Question

The 288th term of the sequence a, b, b, c, c, c, d, d, d, d... is

• A. u
• B. v
• C. w
• D. x

Answer 1

The Correct Option is D

To solve the problem of determining the 288th term in the sequence, observe the pattern: a, b, b, c, c, c, d, d, d, d, ..., where each letter repeats the same number of times as its position in the alphabet (i.e., a = 1 time, b = 2 times, c = 3 times, etc.).
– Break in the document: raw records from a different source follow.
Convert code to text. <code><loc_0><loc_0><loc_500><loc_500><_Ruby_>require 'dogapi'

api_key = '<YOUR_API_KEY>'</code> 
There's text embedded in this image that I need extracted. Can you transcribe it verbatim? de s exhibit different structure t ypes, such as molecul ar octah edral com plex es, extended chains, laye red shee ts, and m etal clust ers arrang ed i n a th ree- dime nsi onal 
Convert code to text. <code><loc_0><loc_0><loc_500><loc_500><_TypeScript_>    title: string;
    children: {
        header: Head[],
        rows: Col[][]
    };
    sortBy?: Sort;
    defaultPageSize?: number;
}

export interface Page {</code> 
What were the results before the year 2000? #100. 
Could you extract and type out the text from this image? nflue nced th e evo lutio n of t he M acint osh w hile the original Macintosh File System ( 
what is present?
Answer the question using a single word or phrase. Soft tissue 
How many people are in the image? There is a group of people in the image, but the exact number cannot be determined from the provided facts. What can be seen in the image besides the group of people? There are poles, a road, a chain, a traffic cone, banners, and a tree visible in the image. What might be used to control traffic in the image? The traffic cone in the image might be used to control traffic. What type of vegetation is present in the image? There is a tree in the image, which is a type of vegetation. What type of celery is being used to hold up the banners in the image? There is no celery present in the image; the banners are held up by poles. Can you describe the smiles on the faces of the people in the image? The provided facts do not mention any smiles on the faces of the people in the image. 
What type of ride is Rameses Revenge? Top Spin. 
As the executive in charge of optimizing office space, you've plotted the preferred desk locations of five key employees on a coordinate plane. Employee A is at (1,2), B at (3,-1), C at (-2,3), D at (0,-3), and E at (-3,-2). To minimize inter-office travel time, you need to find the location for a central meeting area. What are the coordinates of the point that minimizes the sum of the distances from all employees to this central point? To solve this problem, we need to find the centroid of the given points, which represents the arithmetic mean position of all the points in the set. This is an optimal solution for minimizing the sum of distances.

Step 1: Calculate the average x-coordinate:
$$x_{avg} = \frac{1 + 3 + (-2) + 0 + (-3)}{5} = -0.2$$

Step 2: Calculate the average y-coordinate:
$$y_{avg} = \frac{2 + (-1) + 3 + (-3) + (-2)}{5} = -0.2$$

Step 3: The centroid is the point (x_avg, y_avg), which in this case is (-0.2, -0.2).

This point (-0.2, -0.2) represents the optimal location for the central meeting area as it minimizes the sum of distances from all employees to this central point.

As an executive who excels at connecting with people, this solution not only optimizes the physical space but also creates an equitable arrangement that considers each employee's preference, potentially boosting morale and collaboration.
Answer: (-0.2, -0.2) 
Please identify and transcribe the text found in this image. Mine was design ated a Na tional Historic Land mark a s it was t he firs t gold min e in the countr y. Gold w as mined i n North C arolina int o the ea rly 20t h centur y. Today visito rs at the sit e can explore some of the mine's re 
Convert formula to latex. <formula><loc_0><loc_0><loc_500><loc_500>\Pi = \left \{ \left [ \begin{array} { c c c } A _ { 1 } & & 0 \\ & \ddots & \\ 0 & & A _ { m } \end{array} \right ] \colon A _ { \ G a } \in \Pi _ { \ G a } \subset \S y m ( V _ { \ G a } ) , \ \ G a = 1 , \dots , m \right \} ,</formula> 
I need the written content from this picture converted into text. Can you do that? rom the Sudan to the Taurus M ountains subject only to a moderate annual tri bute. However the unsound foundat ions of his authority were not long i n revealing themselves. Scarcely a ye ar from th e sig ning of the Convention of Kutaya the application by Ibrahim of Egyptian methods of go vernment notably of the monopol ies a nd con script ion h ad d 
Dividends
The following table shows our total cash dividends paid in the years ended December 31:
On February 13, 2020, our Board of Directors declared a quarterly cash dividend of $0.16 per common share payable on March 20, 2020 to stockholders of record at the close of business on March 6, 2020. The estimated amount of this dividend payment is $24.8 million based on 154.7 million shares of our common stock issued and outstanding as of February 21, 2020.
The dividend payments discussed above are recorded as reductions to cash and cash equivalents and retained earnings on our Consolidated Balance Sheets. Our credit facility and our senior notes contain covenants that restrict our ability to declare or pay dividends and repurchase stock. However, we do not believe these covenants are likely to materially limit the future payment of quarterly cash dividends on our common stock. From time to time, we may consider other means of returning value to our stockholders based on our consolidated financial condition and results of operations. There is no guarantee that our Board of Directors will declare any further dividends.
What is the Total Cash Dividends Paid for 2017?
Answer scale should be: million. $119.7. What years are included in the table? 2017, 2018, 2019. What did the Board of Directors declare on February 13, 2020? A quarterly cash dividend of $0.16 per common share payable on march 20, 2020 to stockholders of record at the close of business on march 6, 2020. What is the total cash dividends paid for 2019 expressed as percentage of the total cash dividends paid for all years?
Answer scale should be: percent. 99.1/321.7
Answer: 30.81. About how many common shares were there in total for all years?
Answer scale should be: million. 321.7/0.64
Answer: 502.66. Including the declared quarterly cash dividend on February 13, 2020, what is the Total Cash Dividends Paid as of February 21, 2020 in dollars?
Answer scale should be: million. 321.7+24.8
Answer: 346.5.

We need to find the term number where each letter's repetition sum reaches 288.

Consider the cumulative sums:

• a: 1 (1st term)
• b: 2 + 1 = 3 (3rd term)
• c: 3 + 3 = 6 (6th term)
• d: 4 + 6 = 10 (10th term)...

Continue this series until reaching or exceeding 288. The sum of the first n natural numbers = n(n+1)/2.

We need to solve n(n+1)/2 = 288. Solve the quadratic equation:

n(n+1) = 576

n² + n - 576 = 0

Using the quadratic formula n = [-b ± √(b²-4ac)]/2a, with a=1, b=1, c=-576:

n = [-1 ± √(1 + 2304)]/2 = [-1 ± √2305]/2 ≈ 23.5

Since n must be an integer, try n = 23:

For n = 23, 23(23+1)/2 = 276

For n = 24, which starts at 277 and ends at:

n	cumulative sum
24	300

The terms 277 to 300 are 'x', thus the 288th term is 'x'.